- [WHAT THE TASK REQUIRES]: Copy out the full data exactly as given; pictures should not be included.

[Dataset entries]
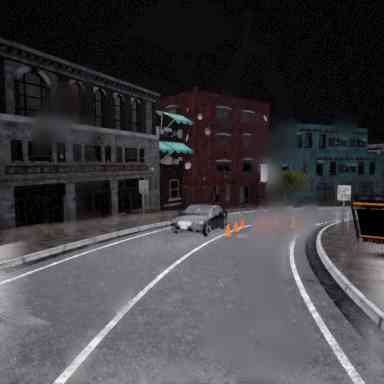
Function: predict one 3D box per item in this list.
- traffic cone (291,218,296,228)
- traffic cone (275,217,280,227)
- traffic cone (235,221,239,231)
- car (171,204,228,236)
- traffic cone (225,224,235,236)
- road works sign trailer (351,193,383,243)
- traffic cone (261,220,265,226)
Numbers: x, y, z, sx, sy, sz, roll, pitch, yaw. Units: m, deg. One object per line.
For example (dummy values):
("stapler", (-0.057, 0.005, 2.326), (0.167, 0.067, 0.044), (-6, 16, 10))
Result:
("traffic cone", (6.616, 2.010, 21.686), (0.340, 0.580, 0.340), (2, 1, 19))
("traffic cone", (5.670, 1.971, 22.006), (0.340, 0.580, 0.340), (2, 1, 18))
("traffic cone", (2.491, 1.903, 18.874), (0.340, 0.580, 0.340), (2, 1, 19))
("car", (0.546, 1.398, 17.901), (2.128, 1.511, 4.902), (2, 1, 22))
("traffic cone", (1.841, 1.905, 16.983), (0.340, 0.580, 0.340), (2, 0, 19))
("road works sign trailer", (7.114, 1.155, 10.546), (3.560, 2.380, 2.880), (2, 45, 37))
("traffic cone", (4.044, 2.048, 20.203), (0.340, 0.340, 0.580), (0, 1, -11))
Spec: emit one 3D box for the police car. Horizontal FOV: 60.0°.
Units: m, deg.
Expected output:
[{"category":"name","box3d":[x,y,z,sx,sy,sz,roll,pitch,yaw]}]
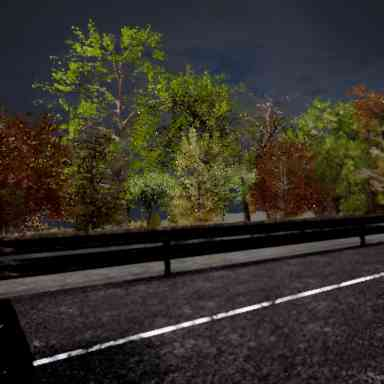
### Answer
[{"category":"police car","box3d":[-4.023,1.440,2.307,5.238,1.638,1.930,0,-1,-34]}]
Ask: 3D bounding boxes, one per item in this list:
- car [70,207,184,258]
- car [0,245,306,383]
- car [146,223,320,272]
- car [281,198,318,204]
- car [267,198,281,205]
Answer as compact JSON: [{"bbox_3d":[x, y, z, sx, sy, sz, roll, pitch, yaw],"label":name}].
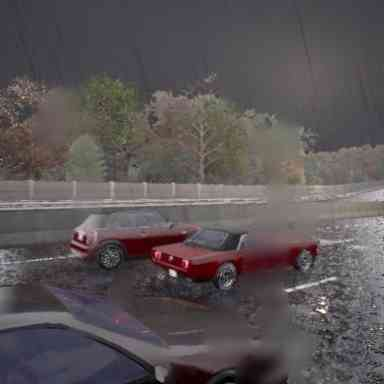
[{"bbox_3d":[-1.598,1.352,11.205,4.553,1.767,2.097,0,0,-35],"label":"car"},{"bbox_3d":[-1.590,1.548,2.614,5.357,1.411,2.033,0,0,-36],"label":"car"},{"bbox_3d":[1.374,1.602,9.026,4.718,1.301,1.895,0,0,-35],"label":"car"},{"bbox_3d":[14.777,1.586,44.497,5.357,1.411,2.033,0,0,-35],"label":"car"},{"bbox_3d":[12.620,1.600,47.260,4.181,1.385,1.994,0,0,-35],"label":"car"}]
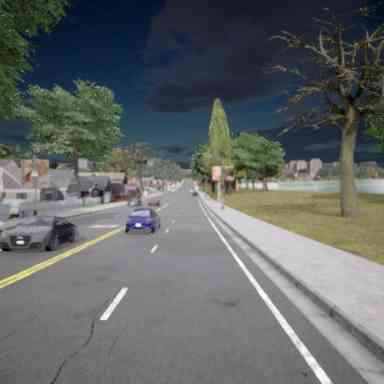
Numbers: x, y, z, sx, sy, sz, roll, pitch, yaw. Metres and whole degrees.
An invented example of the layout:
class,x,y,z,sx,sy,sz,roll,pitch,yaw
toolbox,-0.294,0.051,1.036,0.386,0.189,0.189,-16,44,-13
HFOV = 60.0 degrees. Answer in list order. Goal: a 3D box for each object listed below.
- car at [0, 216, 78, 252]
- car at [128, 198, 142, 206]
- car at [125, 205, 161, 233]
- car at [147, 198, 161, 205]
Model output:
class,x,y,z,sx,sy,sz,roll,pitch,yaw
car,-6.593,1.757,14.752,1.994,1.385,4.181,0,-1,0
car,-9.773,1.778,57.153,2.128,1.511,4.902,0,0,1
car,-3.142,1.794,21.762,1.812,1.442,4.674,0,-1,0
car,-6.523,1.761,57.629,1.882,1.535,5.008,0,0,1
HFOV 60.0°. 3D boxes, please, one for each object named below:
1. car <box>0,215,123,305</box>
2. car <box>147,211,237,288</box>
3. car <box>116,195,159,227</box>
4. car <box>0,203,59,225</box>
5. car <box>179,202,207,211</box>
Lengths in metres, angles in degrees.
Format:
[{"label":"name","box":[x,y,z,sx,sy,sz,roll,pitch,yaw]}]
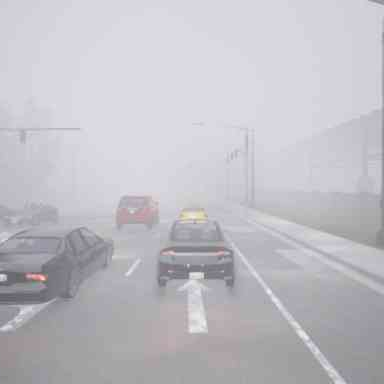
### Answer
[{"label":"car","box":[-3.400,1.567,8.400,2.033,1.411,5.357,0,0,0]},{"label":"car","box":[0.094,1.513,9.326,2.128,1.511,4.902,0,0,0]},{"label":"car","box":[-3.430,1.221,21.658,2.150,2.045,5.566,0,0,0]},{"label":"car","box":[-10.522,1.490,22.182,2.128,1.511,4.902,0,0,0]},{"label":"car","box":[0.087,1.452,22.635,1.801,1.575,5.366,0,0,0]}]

- [TASK OUTPUT]:
Function: predict one 3D box per item in this list.
- traffic cone (291,218,296,228)
- traffic cone (275,217,280,227)
- traffic cone (235,221,239,231)
- car (171,204,228,236)
- traffic cone (225,224,235,236)
- road works sign trailer (351,193,383,243)
- traffic cone (261,220,265,226)
Numbers: x, y, z, sx, sy, sz, roll, pitch, yaw. Units: m, deg. One object per line.
For example (dummy values):
("stapler", (-0.057, 0.005, 2.326), (0.167, 0.067, 0.044), (-6, 16, 10))
Result:
("traffic cone", (6.616, 2.010, 21.686), (0.340, 0.580, 0.340), (2, 1, 19))
("traffic cone", (5.670, 1.971, 22.006), (0.340, 0.580, 0.340), (2, 1, 18))
("traffic cone", (2.491, 1.903, 18.874), (0.340, 0.580, 0.340), (2, 1, 19))
("car", (0.546, 1.398, 17.901), (2.128, 1.511, 4.902), (2, 1, 22))
("traffic cone", (1.841, 1.905, 16.983), (0.340, 0.580, 0.340), (2, 0, 19))
("road works sign trailer", (7.114, 1.155, 10.546), (3.560, 2.380, 2.880), (2, 45, 37))
("traffic cone", (4.044, 2.048, 20.203), (0.340, 0.340, 0.580), (0, 1, -11))
Spec: emit one 3D box for the police car. Horizontal FOV: 60.0°.
Units: m, deg.
Expected output:
[{"category":"name","box3d":[x,y,z,sx,sy,sz,roll,pitch,yaw]}]
### Answer
[{"category":"police car","box3d":[-4.023,1.440,2.307,5.238,1.638,1.930,0,-1,-34]}]
Ask: 3D bounding boxes, one per item in this list:
- car [70,207,184,258]
- car [0,245,306,383]
- car [146,223,320,272]
- car [281,198,318,204]
- car [267,198,281,205]
Answer as compact JSON: [{"bbox_3d":[x, y, z, sx, sy, sz, roll, pitch, yaw],"label":name}].
[{"bbox_3d":[-1.598,1.352,11.205,4.553,1.767,2.097,0,0,-35],"label":"car"},{"bbox_3d":[-1.590,1.548,2.614,5.357,1.411,2.033,0,0,-36],"label":"car"},{"bbox_3d":[1.374,1.602,9.026,4.718,1.301,1.895,0,0,-35],"label":"car"},{"bbox_3d":[14.777,1.586,44.497,5.357,1.411,2.033,0,0,-35],"label":"car"},{"bbox_3d":[12.620,1.600,47.260,4.181,1.385,1.994,0,0,-35],"label":"car"}]
Numbers: x, y, z, sx, sy, sz, roll, pitch, yaw. Metres and whole degrees.
An invented example of the layout:
class,x,y,z,sx,sy,sz,roll,pitch,yaw
toolbox,-0.294,0.051,1.036,0.386,0.189,0.189,-16,44,-13
HFOV = 60.0 degrees. Answer in list order. Goal: a 3D box for each object listed below.
- car at [0, 216, 78, 252]
- car at [128, 198, 142, 206]
- car at [125, 205, 161, 233]
- car at [147, 198, 161, 205]
Model output:
class,x,y,z,sx,sy,sz,roll,pitch,yaw
car,-6.593,1.757,14.752,1.994,1.385,4.181,0,-1,0
car,-9.773,1.778,57.153,2.128,1.511,4.902,0,0,1
car,-3.142,1.794,21.762,1.812,1.442,4.674,0,-1,0
car,-6.523,1.761,57.629,1.882,1.535,5.008,0,0,1
HFOV 60.0°. 3D boxes, please, one for each object named below:
1. car <box>0,215,123,305</box>
2. car <box>147,211,237,288</box>
3. car <box>116,195,159,227</box>
4. car <box>0,203,59,225</box>
5. car <box>179,202,207,211</box>
Lengths in metres, angles in degrees.
Format:
[{"label":"name","box":[x,y,z,sx,sy,sz,roll,pitch,yaw]}]
### Answer
[{"label":"car","box":[-3.400,1.567,8.400,2.033,1.411,5.357,0,0,0]},{"label":"car","box":[0.094,1.513,9.326,2.128,1.511,4.902,0,0,0]},{"label":"car","box":[-3.430,1.221,21.658,2.150,2.045,5.566,0,0,0]},{"label":"car","box":[-10.522,1.490,22.182,2.128,1.511,4.902,0,0,0]},{"label":"car","box":[0.087,1.452,22.635,1.801,1.575,5.366,0,0,0]}]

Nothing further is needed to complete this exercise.